Darkness

I'm still sore and achy after yesterday's shopping trip. I had a lot of trouble falling asleep last night because of the pain. It's better now, but oh my, it's no fun. Jerry is in his protective mode, and is on my lap growling at anything that distracts from petting him. Don has been catching up on his sleep, because he was also stiff and sore after yesterday.

I will confess that pain-filled nights lead to some very dark thoughts. Thankfully it doesn't happen often but on nights like last night I struggle. I am not suicidal-let me just be clear on that point!-but negative thoughts and fear fill the late hours and dawn seems like it will never come. I then try every tool in my collection to regain equilibrium. My thoughts go the way of George Bailey in "It's a Wonderful Life" before Clarence arrived. (I'm assuming that everyone has seen that 76-year old movie by now a few dozen times!) So far, my Clarence hasn't put in an appearance, but I am still waiting. There are moments when I'd like to know my future, and others where I'm glad I don't. I think that last night was a little harder because I've been processing the losses of Auntie Ming, and last week of Auntie Jeanne. It's the first Christmas with none of my mother's family. So much feels incomplete without Auntie Ming, who was the centre of it all. And I'd call Auntie Jeanne for some of her recipes, which she only started sharing recently. But with them both departing this year, I also feel the loss of my mother more. And on nights when I'm in pain, the loss seems to expand to fill the darkness.

The nice thing, though, is that I know that I have caring friends who sometimes just pop up and make things better.
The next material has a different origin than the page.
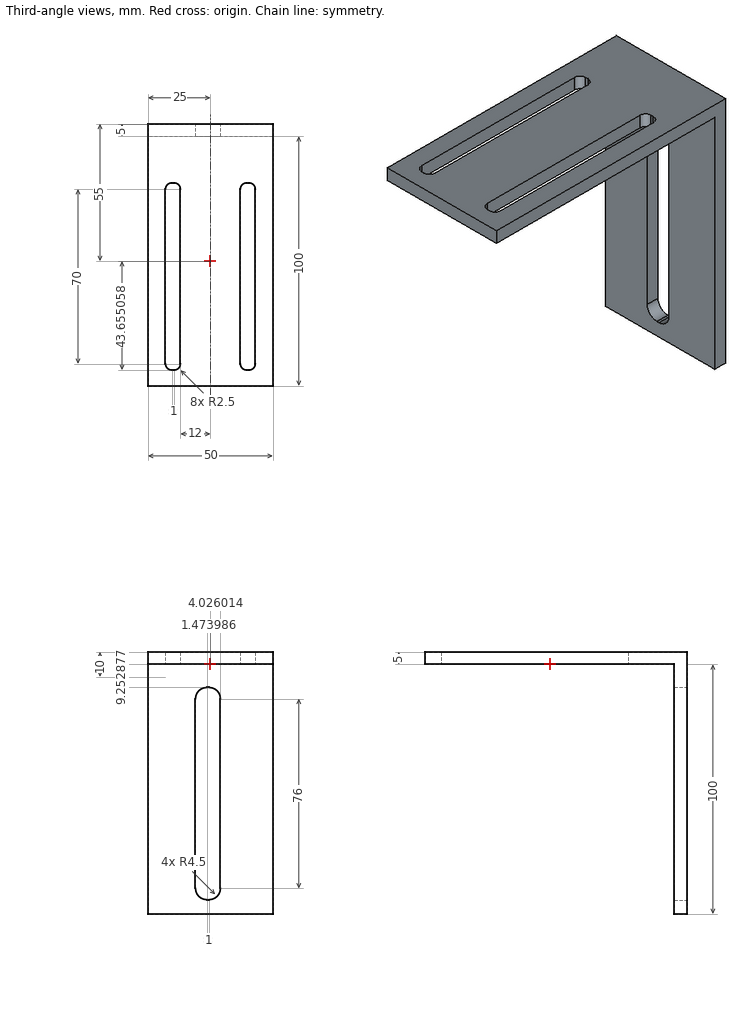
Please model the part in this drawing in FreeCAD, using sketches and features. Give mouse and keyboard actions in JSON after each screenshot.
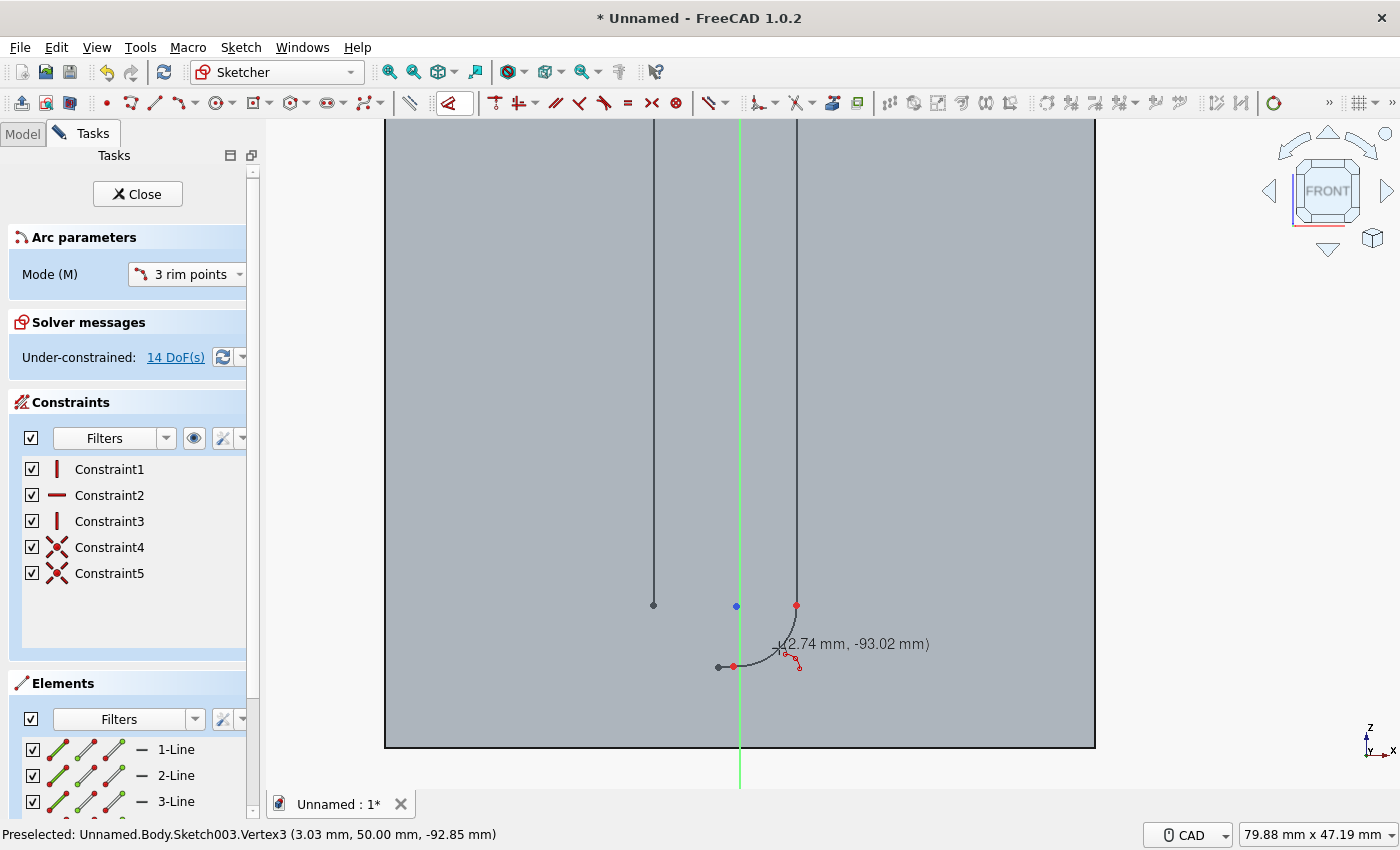
{"action": "scroll", "coordinate": [781, 651], "scroll_direction": "down", "scroll_amount": 6}

Like today. when I saw someone I hadn't seen since the pandemic. She's someone who has the most infectious smile and laugh, so she always perks me up. Another friend keeps me balanced, and reminds me to take breaks and rest-I evidently need regular reminders, as I tend to over-exert myself. We often take turns pointing out to each other the need for self-care, and I remain thankful for that. He likes to deny that he overdoes things, so it is always fun having those discussions!

There's a big snowstorm forecast for tonight, but the snow hasn't started yet. It was supposed to start during the afternoon, but I'm not complaining. It was actually fairly mild this afternoon. I'm going to make a cup of hot chocolate-always warming on a snowy evening even if the snow is late. Good night!